* [INPUT]:
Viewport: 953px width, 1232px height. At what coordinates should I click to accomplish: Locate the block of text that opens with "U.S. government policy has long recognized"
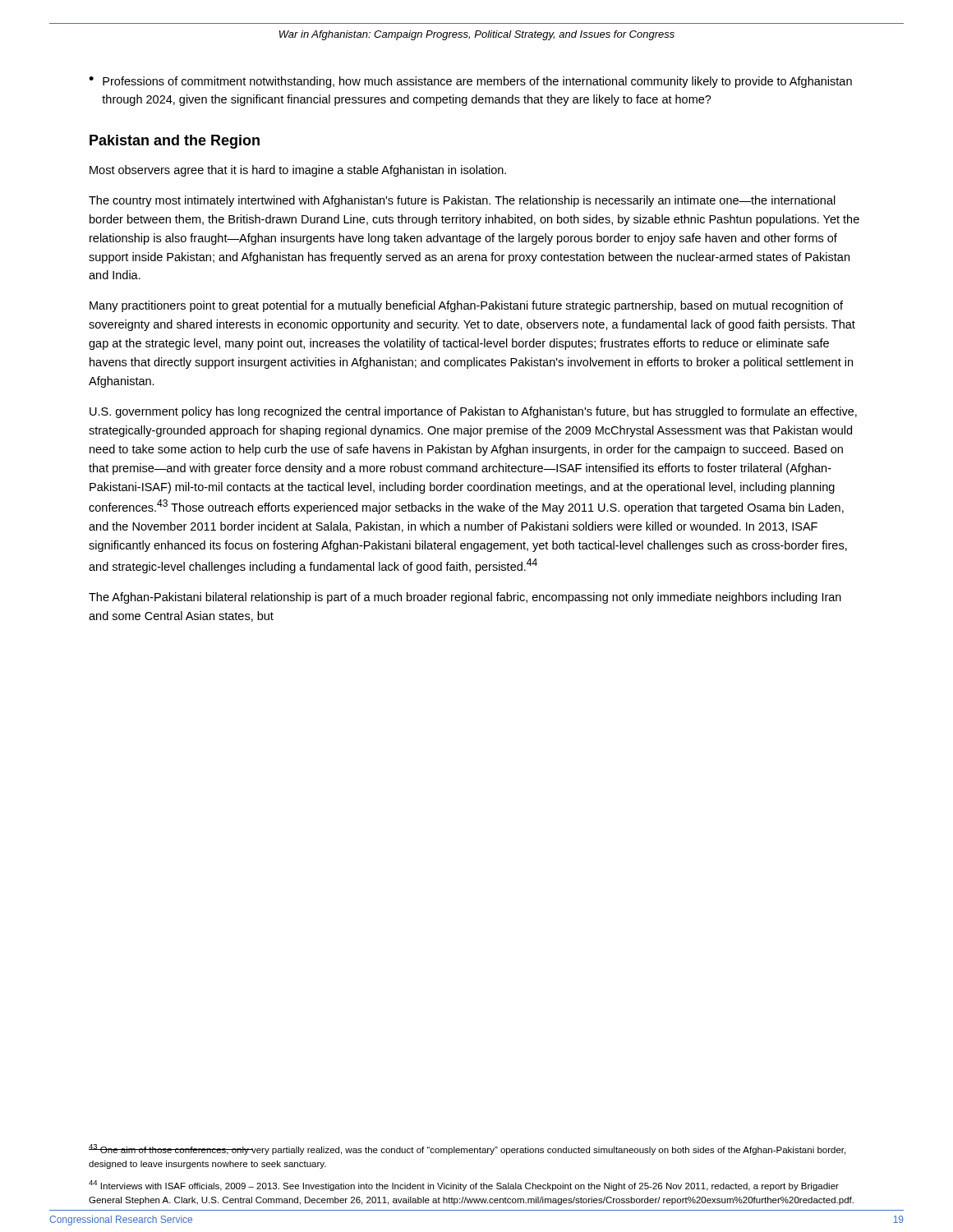(473, 489)
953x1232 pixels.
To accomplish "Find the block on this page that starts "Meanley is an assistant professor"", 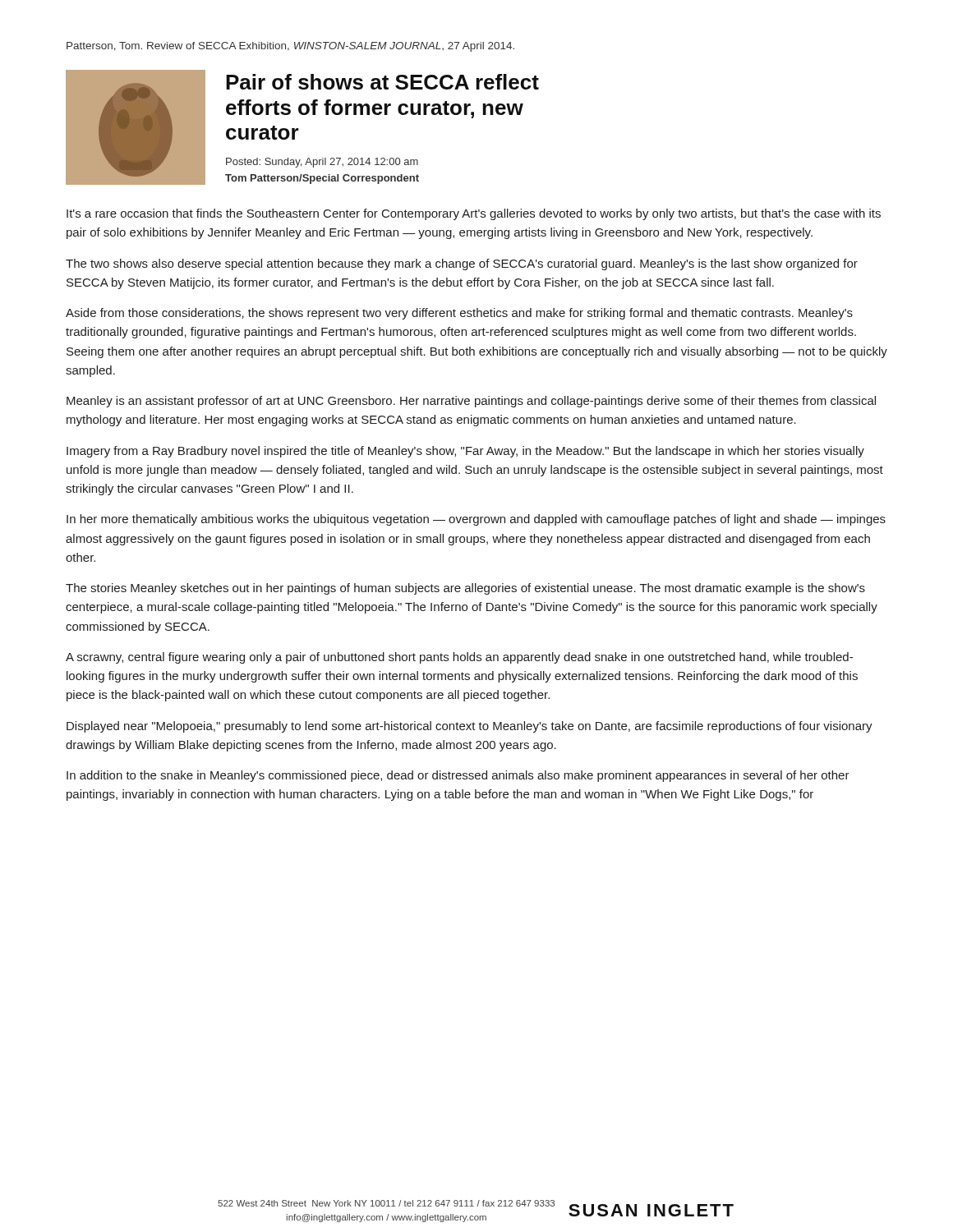I will pos(471,410).
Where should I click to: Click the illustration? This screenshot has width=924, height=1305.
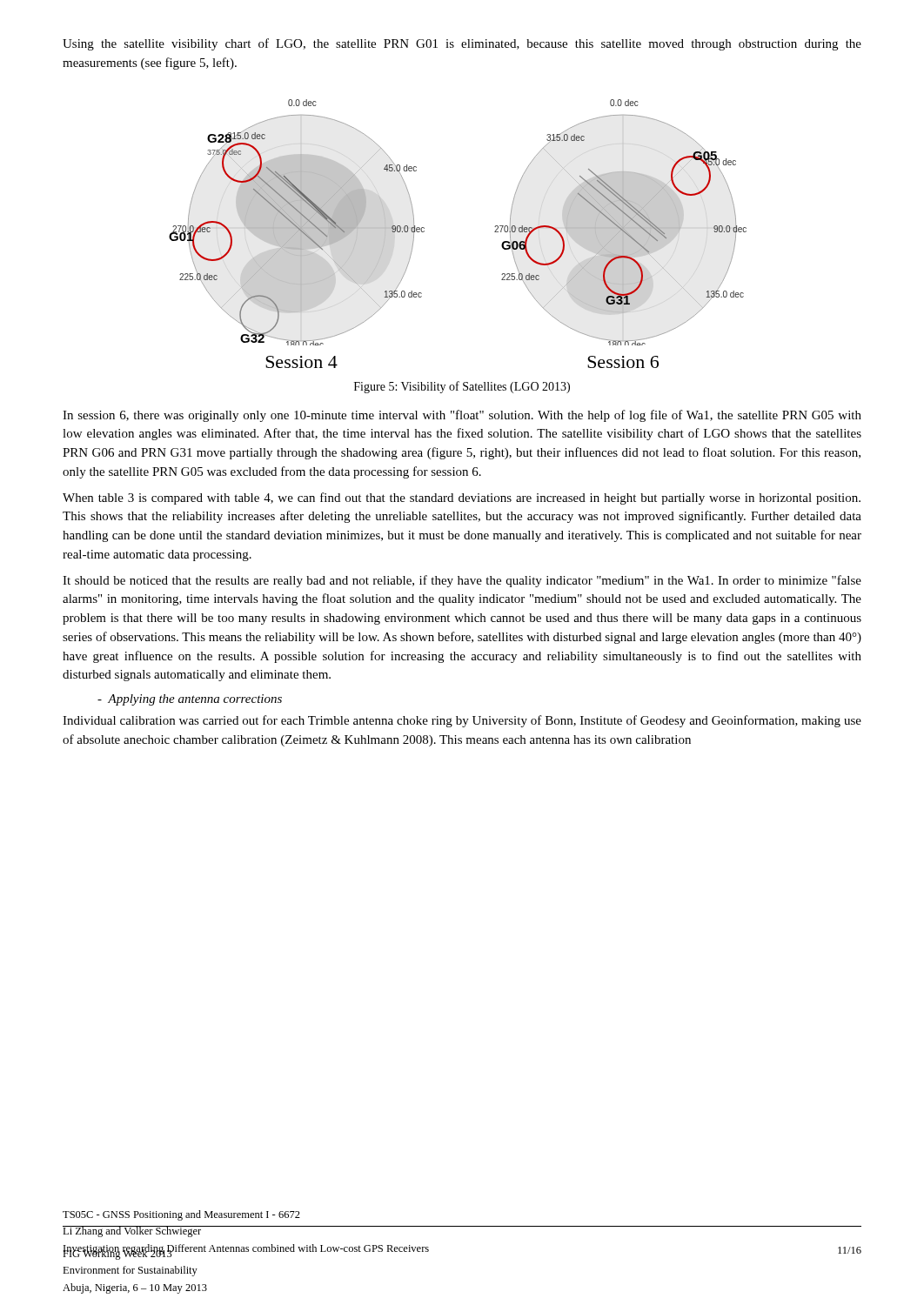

* [ACTIVITY]: Transcribe exactly, with no pictures, the lines running from the first line of the material through the line holding "953x1232 pixels.".

* [SOLUTION TO THE PROBLEM]:
Viewport: 953px width, 1232px height. At what coordinates should I click to accomplish: Locate the block of text that opens with "U.S. government policy has long recognized"
(473, 489)
953x1232 pixels.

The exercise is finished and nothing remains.